According to the United States Census Bureau, the town has a total area of 58.1 km2, of which 57.7 km2 is land and 0.4 km2, or 0.65%, is water.

The western town line is the border of Cayuga County, and the northern town boundary is the border of Onondaga County. New York State Route 41 is a north-south highway in Scott.

The southern end of Skaneateles Lake, one of the Finger Lakes, is in the northwestern part of the town. Grout Brook, a noted trout-fishing stream, flows into the lake from the town. The hamlet of Fair Haven in the town of Scott, together with adjoining Glen Haven in the town of Niles and Spafford Landing in the town of Spafford, constitute a scenic destination for visitors as well as an attractive community for residents. Lodging and dining facilities are available, together with docking and a marina (below).
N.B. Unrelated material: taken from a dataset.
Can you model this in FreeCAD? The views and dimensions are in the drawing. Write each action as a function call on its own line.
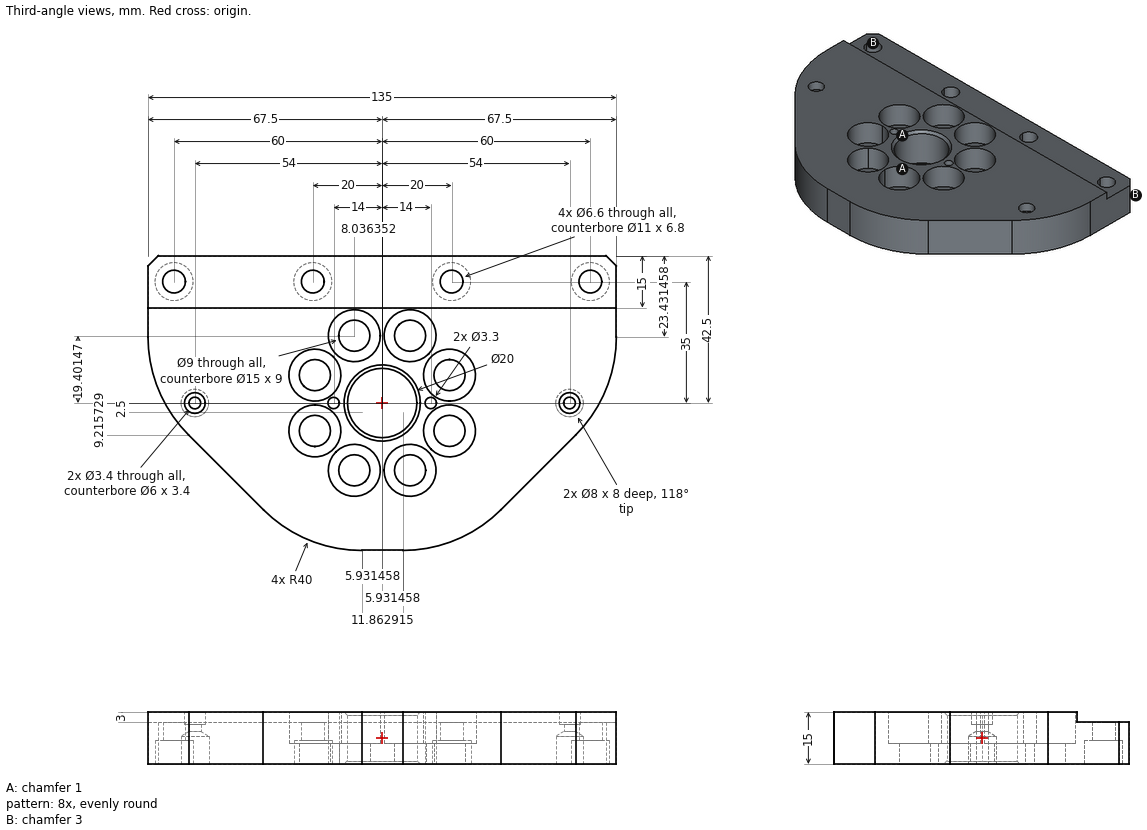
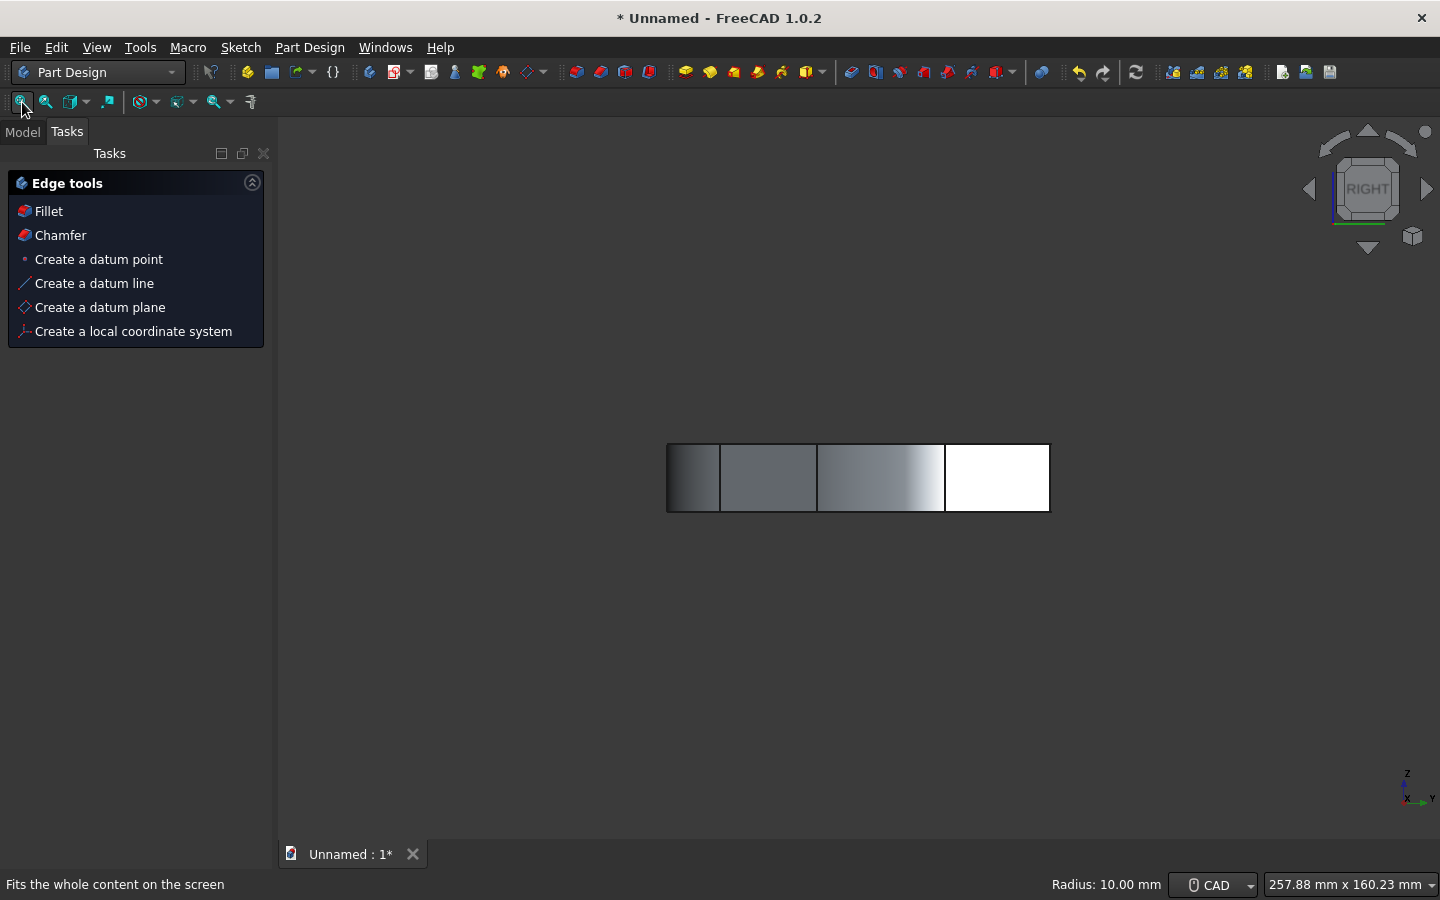
key(5)

The eastern two-thirds of the town drains southward via Cold Brook and Factory Brook to the West Branch of the Tioughnioga River, part of the Susquehanna River watershed.

Hewitt State Forest, also known as Cortland Reforestation Area #1, is New York State’s first State Forest, comprising 937 acres, and is located in the Town of Scott, just off of State Route 41 on Hewitt Road.

==Demographics==

As of the census of 2000, there were 1,193 people, 417 households, and 321 families residing in the town. The population density was 53.6 PD/sqmi. There were 478 housing units at an average density of 21.5 /sqmi. The racial makeup of the town was 98.32% White, 0.08% African American, 0.42% Native American, 0.34% Asian, and 0.84% from two or more races. Hispanic or Latino of any race were 0.17% of the population.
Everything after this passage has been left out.